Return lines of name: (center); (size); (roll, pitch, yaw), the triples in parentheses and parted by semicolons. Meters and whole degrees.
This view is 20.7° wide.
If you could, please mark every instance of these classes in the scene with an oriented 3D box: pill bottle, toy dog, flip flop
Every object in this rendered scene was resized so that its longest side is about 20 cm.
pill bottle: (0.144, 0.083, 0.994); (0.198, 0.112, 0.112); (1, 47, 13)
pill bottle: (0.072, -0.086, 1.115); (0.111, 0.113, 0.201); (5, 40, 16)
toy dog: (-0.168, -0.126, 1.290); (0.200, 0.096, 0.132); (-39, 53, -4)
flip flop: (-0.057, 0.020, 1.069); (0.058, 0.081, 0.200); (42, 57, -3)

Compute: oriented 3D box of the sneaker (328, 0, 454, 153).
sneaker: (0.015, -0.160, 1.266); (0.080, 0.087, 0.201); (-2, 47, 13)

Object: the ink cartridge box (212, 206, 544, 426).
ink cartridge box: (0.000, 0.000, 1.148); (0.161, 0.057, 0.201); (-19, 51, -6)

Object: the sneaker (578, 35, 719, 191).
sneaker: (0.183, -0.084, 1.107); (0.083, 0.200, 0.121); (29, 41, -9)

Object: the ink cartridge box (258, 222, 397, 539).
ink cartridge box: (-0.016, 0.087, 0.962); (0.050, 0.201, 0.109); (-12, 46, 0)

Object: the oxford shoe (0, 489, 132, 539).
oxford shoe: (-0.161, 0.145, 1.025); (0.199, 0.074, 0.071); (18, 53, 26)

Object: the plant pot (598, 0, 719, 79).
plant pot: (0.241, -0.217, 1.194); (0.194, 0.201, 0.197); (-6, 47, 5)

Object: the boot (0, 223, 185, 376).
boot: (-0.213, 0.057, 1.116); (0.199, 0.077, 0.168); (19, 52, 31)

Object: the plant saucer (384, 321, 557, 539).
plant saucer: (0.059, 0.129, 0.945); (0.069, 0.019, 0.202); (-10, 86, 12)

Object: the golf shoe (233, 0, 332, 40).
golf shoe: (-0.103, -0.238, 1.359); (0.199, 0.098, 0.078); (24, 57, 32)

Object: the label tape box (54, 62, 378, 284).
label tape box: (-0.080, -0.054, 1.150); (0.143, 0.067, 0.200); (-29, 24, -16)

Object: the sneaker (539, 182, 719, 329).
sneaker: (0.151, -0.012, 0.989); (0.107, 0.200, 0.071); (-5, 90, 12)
---+---
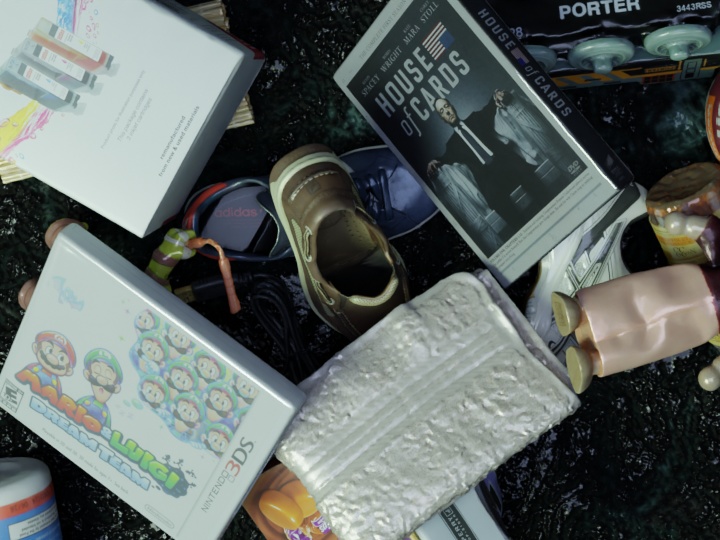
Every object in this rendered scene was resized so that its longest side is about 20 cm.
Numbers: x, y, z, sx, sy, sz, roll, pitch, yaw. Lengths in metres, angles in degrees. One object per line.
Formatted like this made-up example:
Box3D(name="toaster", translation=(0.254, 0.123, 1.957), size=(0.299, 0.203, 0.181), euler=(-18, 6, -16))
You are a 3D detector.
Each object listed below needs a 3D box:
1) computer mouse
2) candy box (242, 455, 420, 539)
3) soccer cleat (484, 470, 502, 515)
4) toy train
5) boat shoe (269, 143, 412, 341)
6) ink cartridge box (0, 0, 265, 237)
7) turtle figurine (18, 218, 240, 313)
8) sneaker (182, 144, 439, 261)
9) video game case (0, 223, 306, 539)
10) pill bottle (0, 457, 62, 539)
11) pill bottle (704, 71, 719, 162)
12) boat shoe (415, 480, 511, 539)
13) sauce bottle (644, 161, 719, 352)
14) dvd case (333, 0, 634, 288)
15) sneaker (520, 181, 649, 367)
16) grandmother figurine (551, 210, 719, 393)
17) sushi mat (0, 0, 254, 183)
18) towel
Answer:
---+---
WHAT TO WORK ON: Reply with nothing but the number of lines in the listing that include "figurine".

SOLUTION TO THIS EXERCISE: 2